>>

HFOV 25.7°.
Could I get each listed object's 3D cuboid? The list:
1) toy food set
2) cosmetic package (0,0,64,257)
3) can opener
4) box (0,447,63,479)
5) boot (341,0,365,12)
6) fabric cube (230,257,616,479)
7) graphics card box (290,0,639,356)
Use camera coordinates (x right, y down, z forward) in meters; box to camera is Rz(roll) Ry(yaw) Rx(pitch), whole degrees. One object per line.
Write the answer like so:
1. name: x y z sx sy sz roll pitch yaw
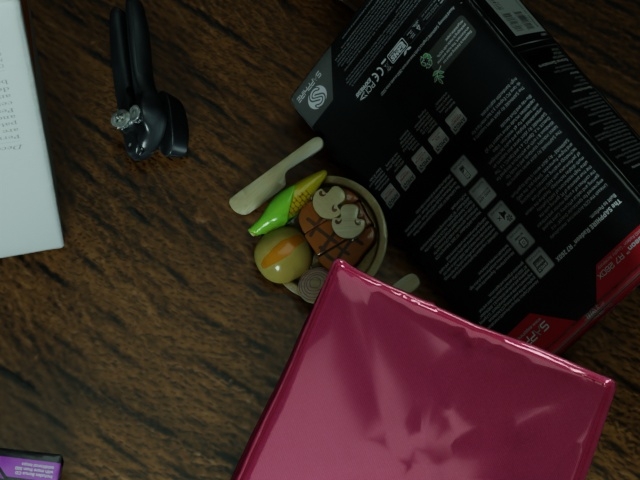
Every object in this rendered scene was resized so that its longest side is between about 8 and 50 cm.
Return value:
1. toy food set: 0.000 0.000 1.357 0.132 0.038 0.192 -38 75 9
2. cosmetic package: -0.324 -0.166 1.190 0.161 0.453 0.230 -9 69 -10
3. can opener: -0.188 -0.163 1.428 0.059 0.073 0.186 -29 65 24
4. box: -0.294 0.260 1.220 0.116 0.029 0.162 7 66 -4
5. boot: 0.009 -0.327 1.423 0.248 0.207 0.090 34 68 13
6. fabric cube: 0.061 0.212 1.183 0.259 0.258 0.254 25 68 4
7. graphics card box: 0.158 -0.080 1.326 0.371 0.233 0.094 51 39 14

<<

[Problem statement]: The records must appear again word for word, though none of their pictures should.

[Response below]:
HFOV 25.7°.
Could I get each listed object's 3D cuboid? The list:
1) toy food set
2) cosmetic package (0,0,64,257)
3) can opener
4) box (0,447,63,479)
5) boot (341,0,365,12)
6) fabric cube (230,257,616,479)
7) graphics card box (290,0,639,356)
Use camera coordinates (x right, y down, z forward) in meters; box to camera is Rz(roll) Ry(yaw) Rx(pitch), whole degrees. One object per line.
Write the answer like so:
1. name: x y z sx sy sz roll pitch yaw
Every object in this rendered scene was resized so that its longest side is between about 8 and 50 cm.
Return value:
1. toy food set: 0.000 0.000 1.357 0.132 0.038 0.192 -38 75 9
2. cosmetic package: -0.324 -0.166 1.190 0.161 0.453 0.230 -9 69 -10
3. can opener: -0.188 -0.163 1.428 0.059 0.073 0.186 -29 65 24
4. box: -0.294 0.260 1.220 0.116 0.029 0.162 7 66 -4
5. boot: 0.009 -0.327 1.423 0.248 0.207 0.090 34 68 13
6. fabric cube: 0.061 0.212 1.183 0.259 0.258 0.254 25 68 4
7. graphics card box: 0.158 -0.080 1.326 0.371 0.233 0.094 51 39 14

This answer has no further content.